With the last word, the Kimberly Joy Christopher mask seemed to slip, and Kimberly Ann Cordayne peeked out from behind it. Bugsy sat across from her, leaning forward to keep from sinking irretrievably into the couch.

“He wanted so badly to be part of the scene,” she said. “He wanted to be free and unfettered by all the old morality that we’d been taught. He wanted to be political. And he just wasn’t. He wanted

…”

She paused, her head tilted as if she were listening to someone. Jesus, maybe. “That’s not fair,” she said. “That’s not true. He didn’t want any of those things. Not really. It was just that the men I was sleeping with back then were all like that. Not just the Radical. There was Jim and Teddy and Gabriel and… I couldn’t make a list, Mr. Tipton. But they were all the same. Young, strong, political, sure of themselves. Mark wanted to be like them.”

“Because he wanted to sleep with you?” Bugsy asked.

“He was a sweet boy,” she said.

Ah, Mark, you poor little geek, Bugsy thought.
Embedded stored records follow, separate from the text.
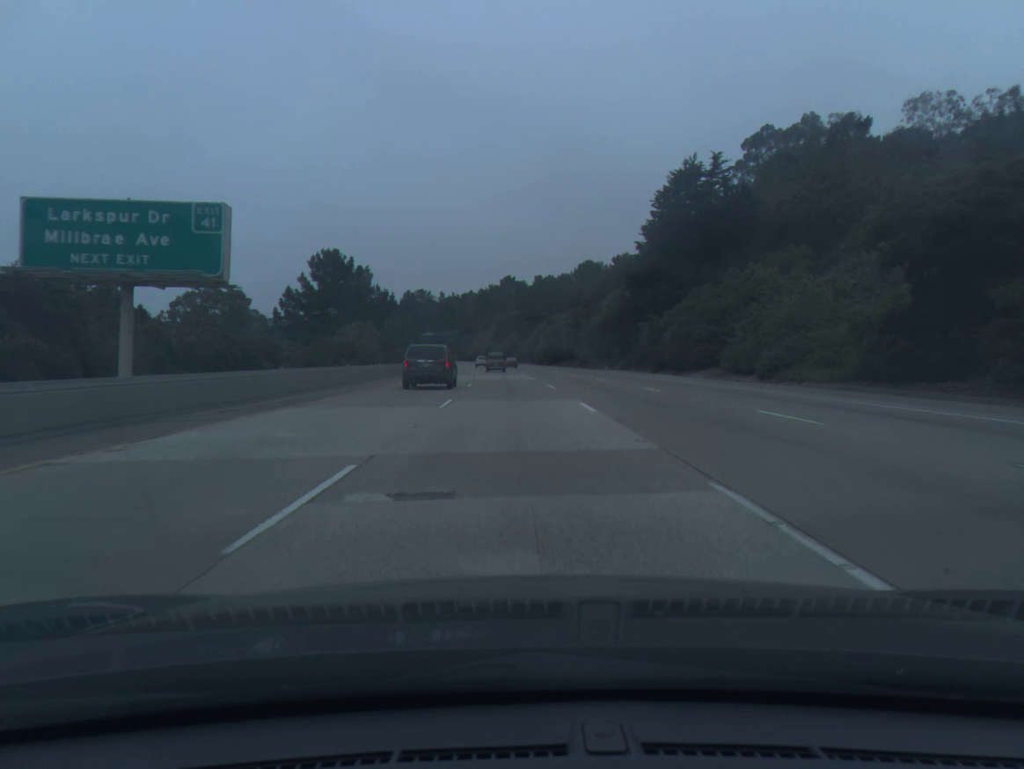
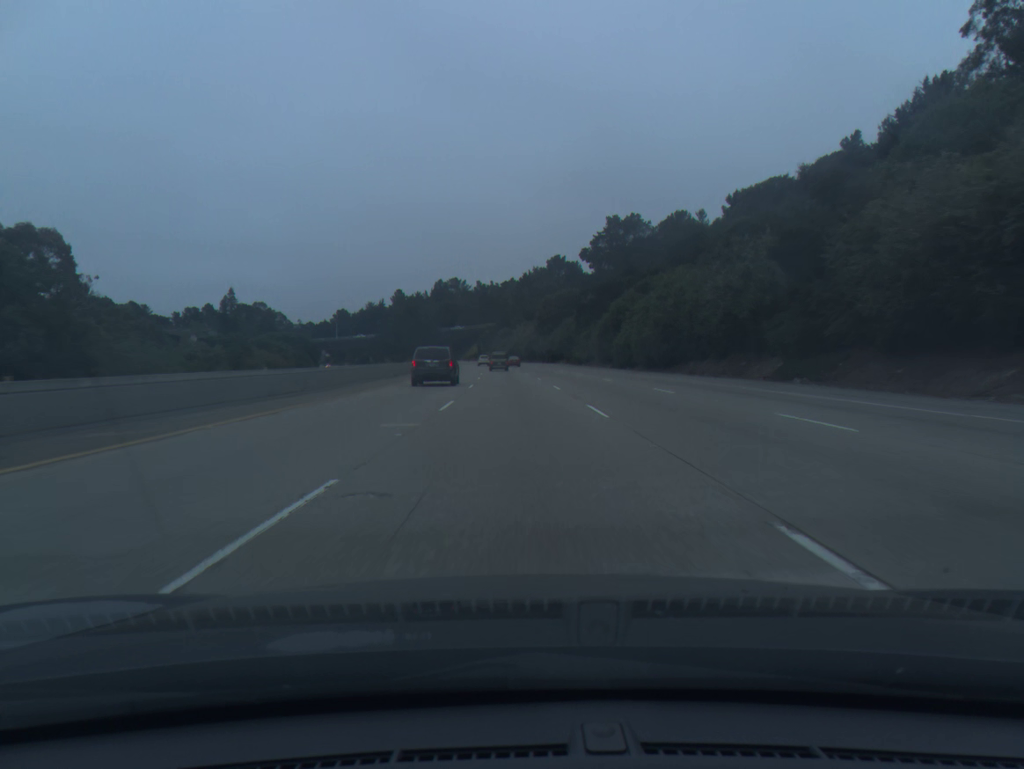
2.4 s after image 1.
(-2.2, +74.6) m; -3°
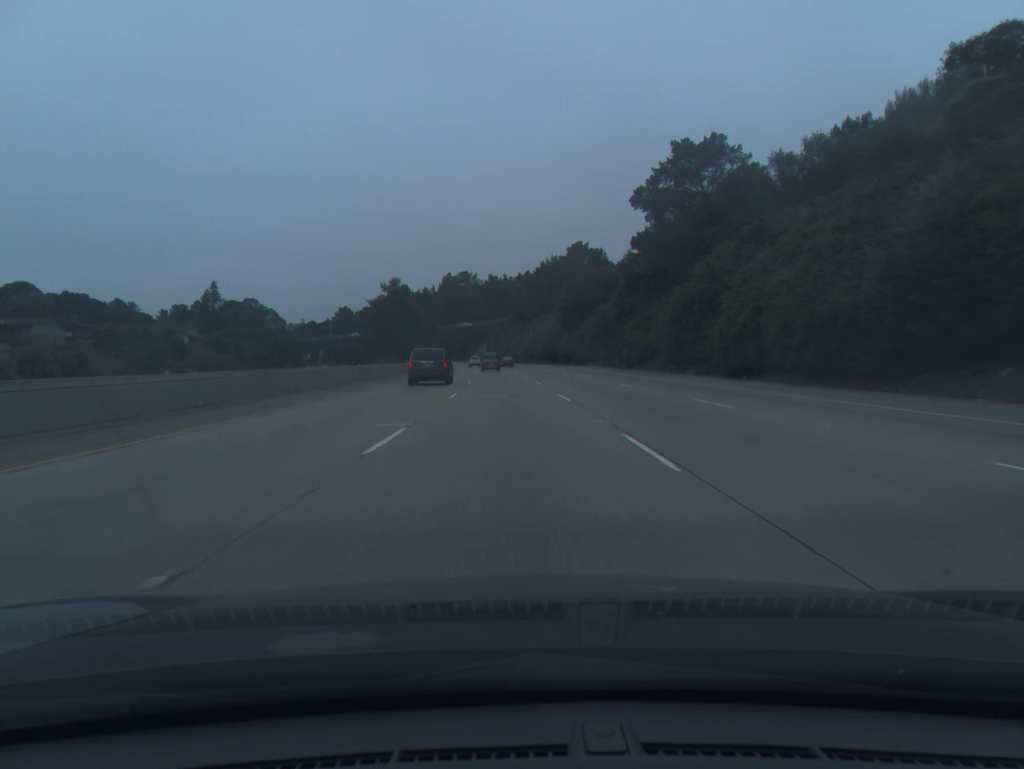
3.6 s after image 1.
(-0.4, +37.1) m; -1°
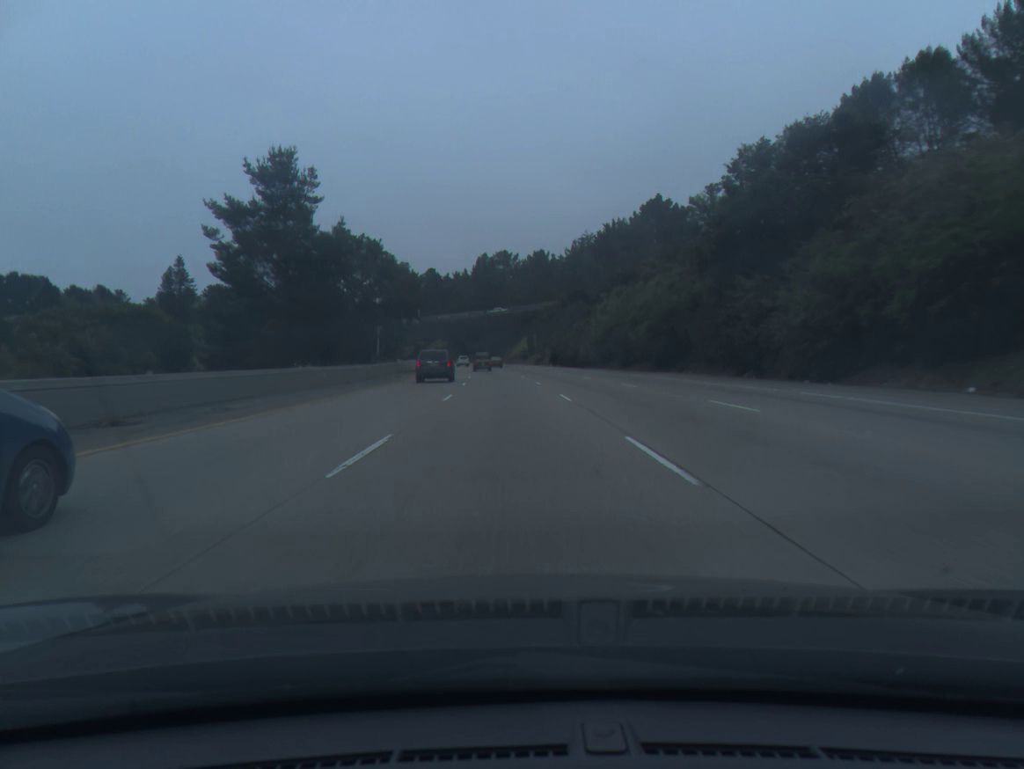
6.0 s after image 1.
(-2.3, +74.2) m; -3°
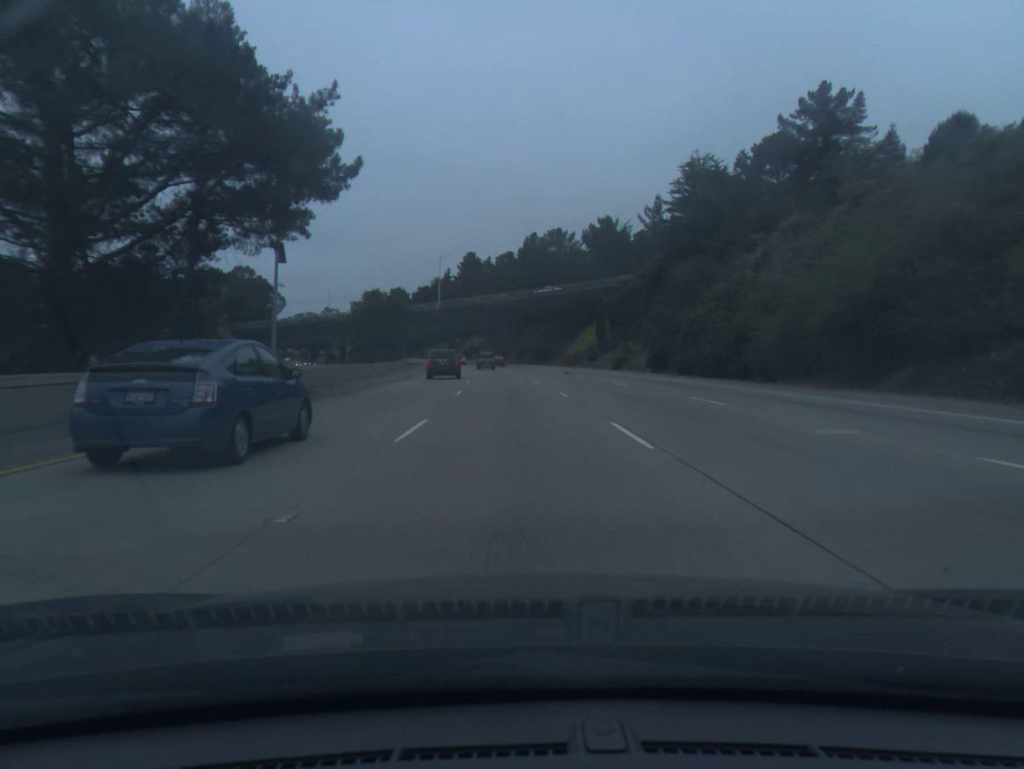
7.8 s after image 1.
(-1.7, +55.8) m; -3°
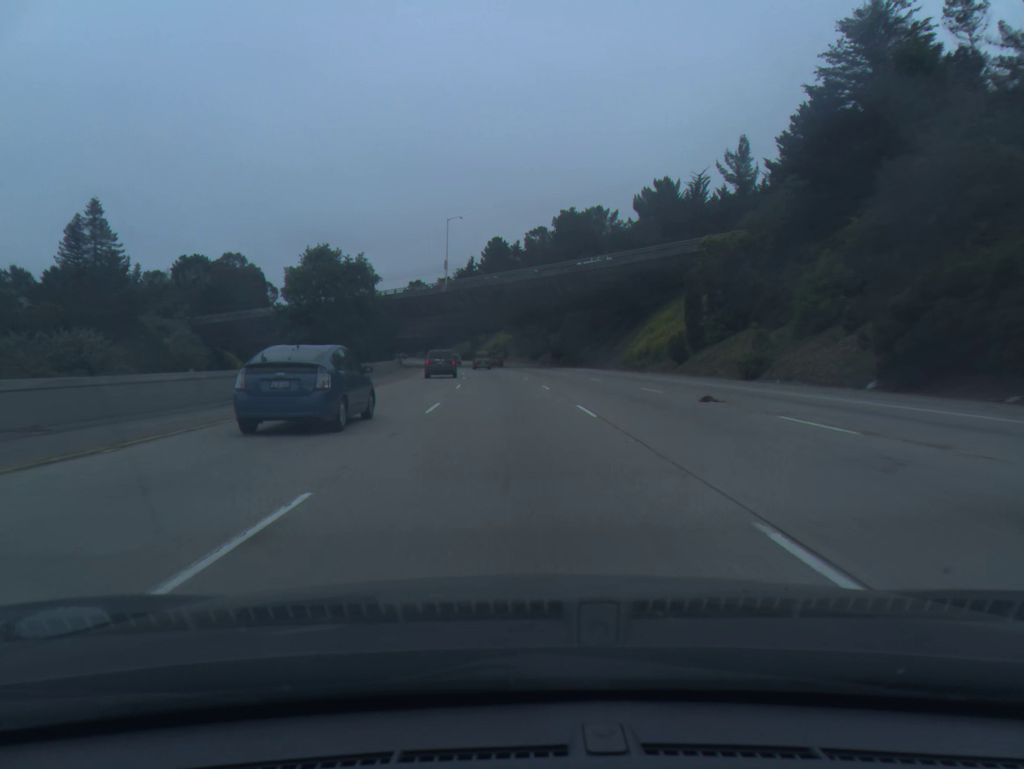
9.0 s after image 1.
(-0.7, +37.3) m; -2°
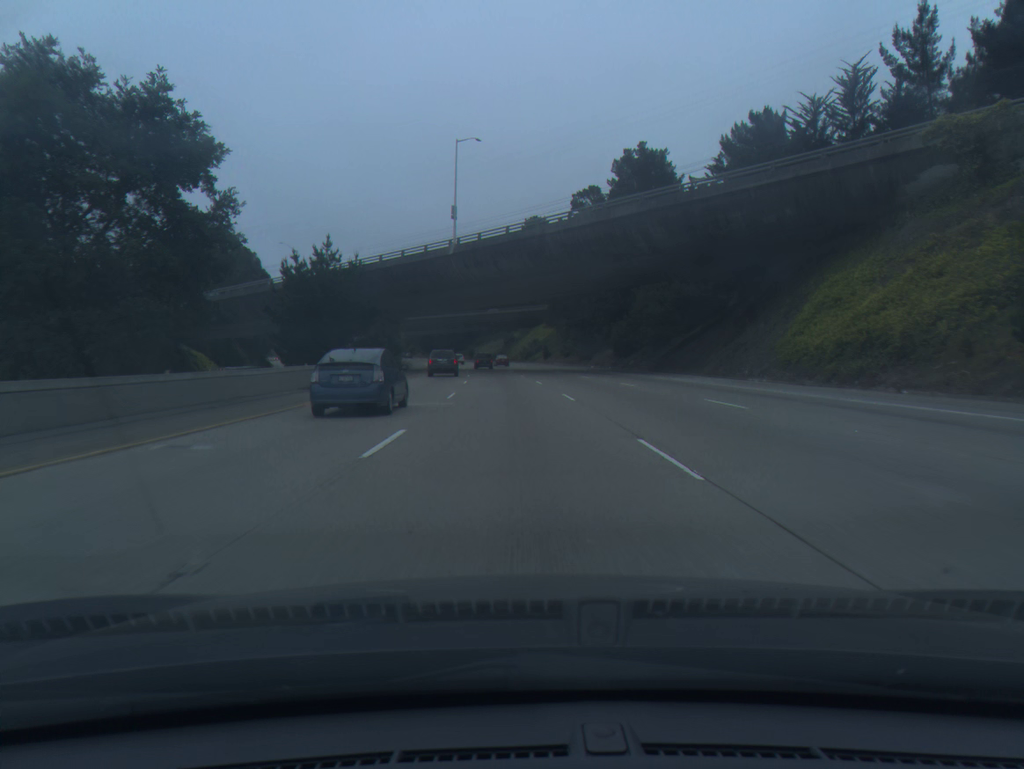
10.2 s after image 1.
(-0.9, +37.3) m; -3°

You wanted to get laid, and you wound up being her best girlfriend. “What about Sprout?” he asked.

“I came back to Mark,” she said. “It was later. I’d followed my chosen path. It led to… very dark places. I was very, very lost back then. I was looking for the light of Christ, and Mark was the nearest thing I knew. He was a good-hearted man. So when I needed a safe haven, I found him.”
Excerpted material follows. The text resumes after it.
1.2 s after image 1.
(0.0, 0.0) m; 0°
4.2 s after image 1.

“You got married,” Bugsy said. “Got pregnant. Had Sprout.”

“I am a sinner,” she said. “I have confessed myself to the Lord, and he has forgiven me. My sins have been washed from me.” She sounded angry saying it. Like she was talking him into something. Or maybe herself. Kimberly Joy squared her shoulders, her jowly chin raised in defiance if not pride.

“Okay,” Bugsy said. “Good. I mean, good on you with the sin washing and all. But… Sprout?”

“I hated it that I’d been afflicted with a retarded child,” she said. “I found the thought alone repulsive. Do you understand how far I had fallen? God sent me a little girl made from purest love, and I rejected her in my heart.”

“You sure fought like hell for her when it came time for the custody battle,” he said.

“I was angry,” she said. “I was weak, and I hated Mark because he was capable of loving her and I wasn’t. So I made myself believe that I loved her, that I needed her, and I did everything I could to take her from him. And I suppose I succeeded. I wept when they made her a ward of the state, and put me away, too. And Mark. They called Mark an unfit parent because he was involved with the drug scene. And they took her away from him, too. This was all my doing, Mr. Tipton. The drugs, my daughter, Mark’s so-called friends…”

“What about the Radical and Sprout? Why does he care so much about her?”

In the silence, the small wall-mounted heater clicked. The samovar let out a small hiss. Kimberly Joy Christopher looked into his eyes with distress and confusion that told him he had reached something deep within her. When she spoke, her voice was hoarse.

“What the fuck are you talking about?” she said.